Gracias de antemano.


----------



## Eduardo (Nov 24, 2009)

sistemasorp dijo:


> Hola a todos, tengo un relé RA12W-K cuyo datasheet es este: http://www.fcai.fujitsu.com/pdf/ra.pdf
> Mi pregunta es simple. ¿Cuanto consume este relé según el datasheet? Según hecho cuentas 12 voltios / 960 ohm. = 12,5 ma. Sin embargo me parece muy poco para un relé cuando lo normal más de 50 ma. ¿He hecho mal el cálculo?


El calculo esta bien.
Y si, 50mA es un valor "normal", pero este es un relay de "ultra-alta sensibilidad".



> Suponiendo que esté bien el cálculo, tengo pensando usar un transistor BC237B cuyo datasheet es este: http://www.datasheetcatalog.org/datasheet/philips/BC237.pdf
> 
> He hecho el cálculo para saber qué resistencia poner entre la salida de un pin del pic a la base del transistor:
> 
> ...


Mas o menos.   
El hfe es una ganancia correspondiente al transistor trabajando en zona lineal, un valor que ademas no es constante.
Para pegar correctamente el relay el transistor tiene que *saturar*, pero lamentablemente no siempre figuran en el datasheet los valores para diferentes corrientes de colector (o tablas).  Estas Ib son bastante mas altas que la que te sale con el hfe.

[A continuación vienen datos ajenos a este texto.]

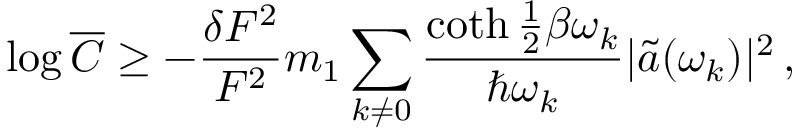Convert formula to latex. <formula><loc_0><loc_0><loc_500><loc_500>\log \overline { C } \geq - \frac { \delta F ^ { 2 } } { F ^ { 2 } } m _ { 1 } \sum _ { k \ne 0 } \frac { \coth \frac { 1 } { 2 } \beta \omega _ { k } } { \hbar { \omega } _ { k } } | \tilde { a } ( \omega _ { k } ) | ^ { 2 } \, ,</formula>

Pero por suerte para pegar un relay no hace falta hilar tan fino, sabiendo que para que *sature bien* tenes que *estar bien pasado* del valor que corresponderia al de zona lineal, con una Ib 2-3 veces mayor vas a andar comodo --> Rb ~ 33k-27k


----------



## sistemasorp (Nov 24, 2009)

Eduardo dijo:


> El calculo esta bien.
> Y si, 50mA es un valor "normal", pero este es un relay de "ultra-alta sensibilidad".

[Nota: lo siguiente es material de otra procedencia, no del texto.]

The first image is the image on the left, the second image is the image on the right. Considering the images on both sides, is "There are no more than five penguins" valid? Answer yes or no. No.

Vaya, pues si que estaba confundido. Creía que tenía un relé normal en cuanto a consumo y por eso el valor me parecía extraño. Ahora se aclaran las cosas 



Eduardo dijo:


> Mas o menos.
> El hfe es una ganancia correspondiente al transistor trabajando en zona lineal, un valor que ademas no es constante.
> Para pegar correctamente el relay el transistor tiene que *saturar*, pero lamentablemente no siempre figuran en el datasheet los valores para diferentes corrientes de colector (o tablas).  Estas Ib son bastante mas altas que la que te sale con el hfe.
> 
> Pero por suerte para pegar un relay no hace falta hilar tan fino, sabiendo que para que *sature bien* tenes que *estar bien pasado* del valor que corresponderia al de zona lineal, con una Ib 2-3 veces mayor vas a andar comodo --> Rb ~ 33k-27k



Perfecto, pues probaré con esos valores a ver si consigo hacerlo funcionar. Muchas gracias.


----------